What is being asked: Copy the entries below word for word, but omit any pictures they contain.

Supplied material:
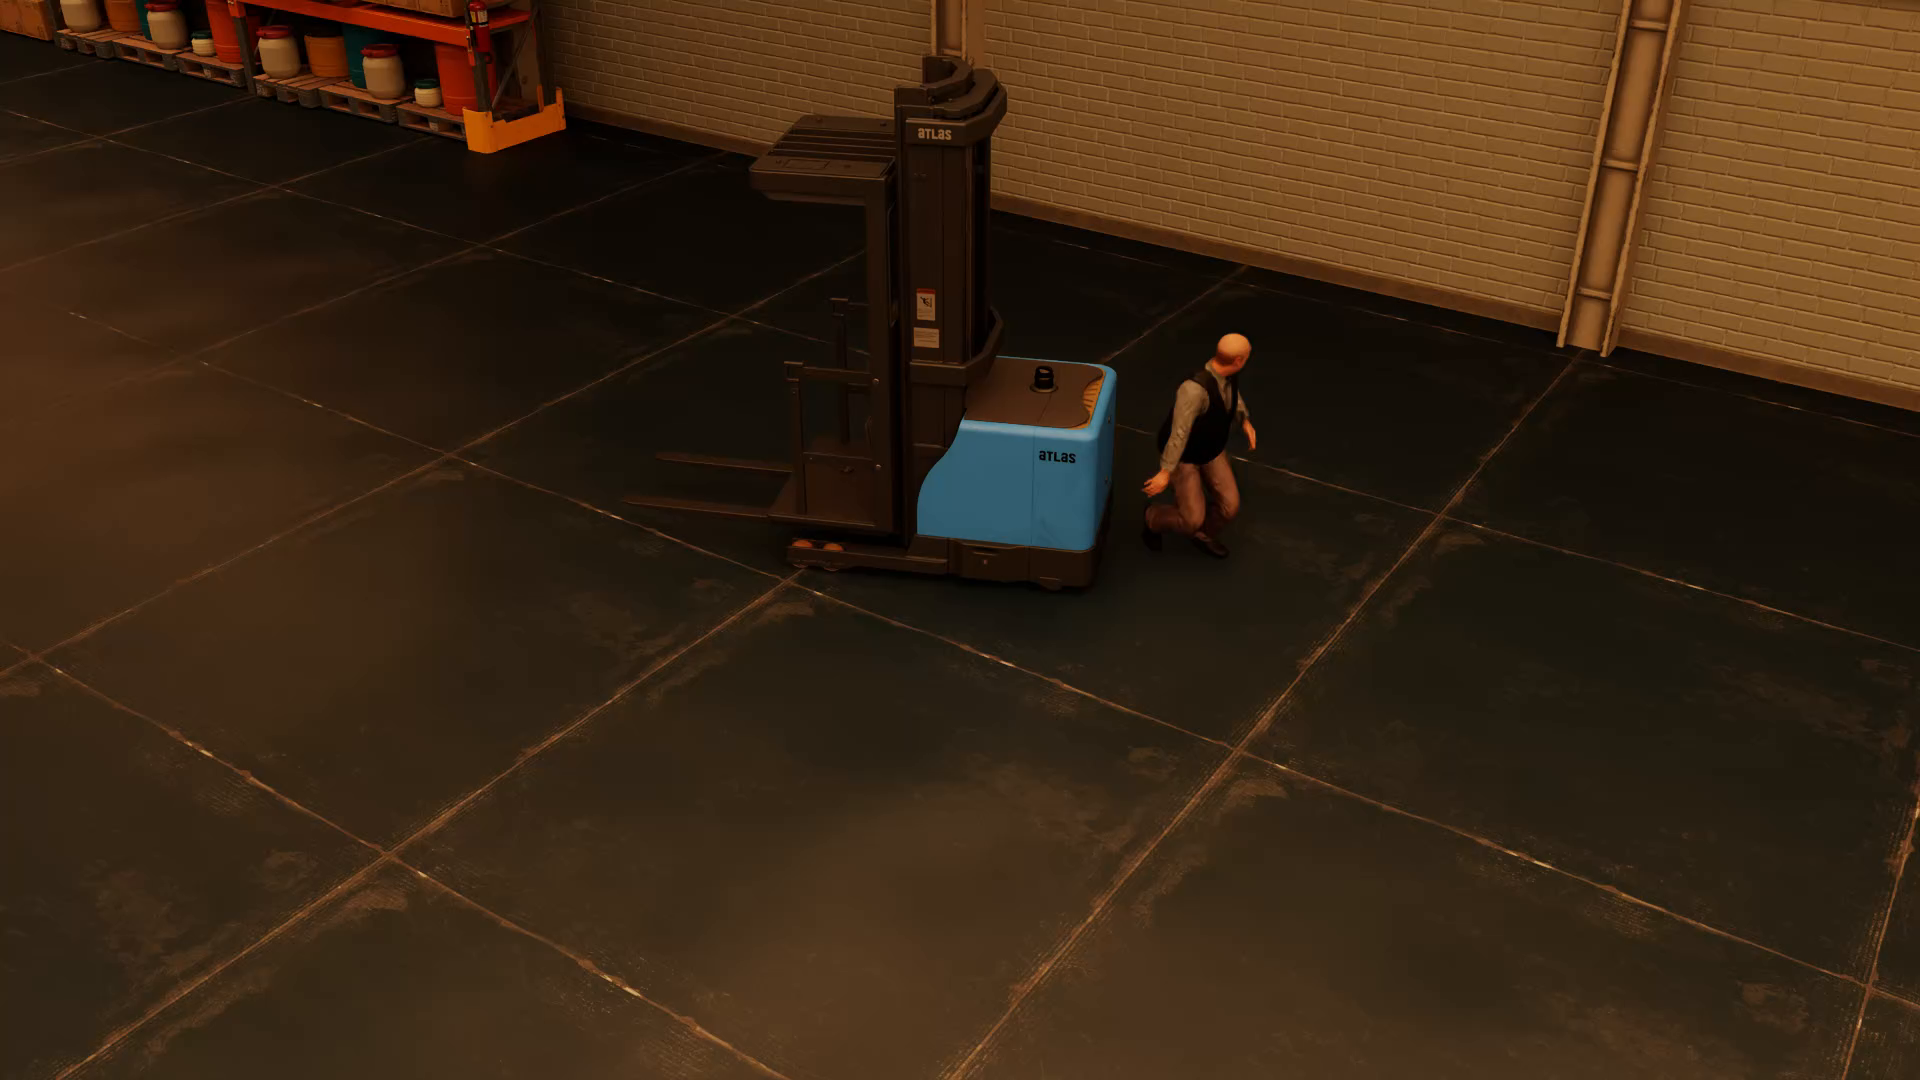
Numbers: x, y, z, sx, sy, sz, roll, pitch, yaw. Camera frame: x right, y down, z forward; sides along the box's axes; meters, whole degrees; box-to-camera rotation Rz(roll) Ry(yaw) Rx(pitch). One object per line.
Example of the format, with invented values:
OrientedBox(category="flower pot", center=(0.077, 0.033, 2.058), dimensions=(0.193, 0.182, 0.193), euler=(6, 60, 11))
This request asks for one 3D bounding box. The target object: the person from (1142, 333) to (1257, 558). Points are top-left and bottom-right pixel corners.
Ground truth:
OrientedBox(category="person", center=(1.391, -0.545, 9.955), dimensions=(0.883, 1.540, 0.584), euler=(-23, 37, -34))

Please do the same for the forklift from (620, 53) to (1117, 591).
OrientedBox(category="forklift", center=(-0.596, -1.330, 9.871), dimensions=(3.031, 2.935, 1.130), euler=(6, 31, 10))

Answer section:
Numbers: x, y, z, sx, sy, sz, roll, pitch, yaw. Camera frame: x right, y down, z forward; sides along the box's axes; meters, whole degrees; box-to-camera rotation Rz(roll) Ry(yaw) Rx(pitch). One object per line.
Example of the format, with invented values:
OrientedBox(category="flower pot", center=(0.077, 0.033, 2.058), dimensions=(0.193, 0.182, 0.193), euler=(6, 60, 11))
This request asks for one 3D bounding box. The target object: the person from (1142, 333) to (1257, 558). Points are top-left and bottom-right pixel corners.
Ground truth:
OrientedBox(category="person", center=(1.391, -0.545, 9.955), dimensions=(0.883, 1.540, 0.584), euler=(-23, 37, -34))

Please do the same for the forklift from (620, 53) to (1117, 591).
OrientedBox(category="forklift", center=(-0.596, -1.330, 9.871), dimensions=(3.031, 2.935, 1.130), euler=(6, 31, 10))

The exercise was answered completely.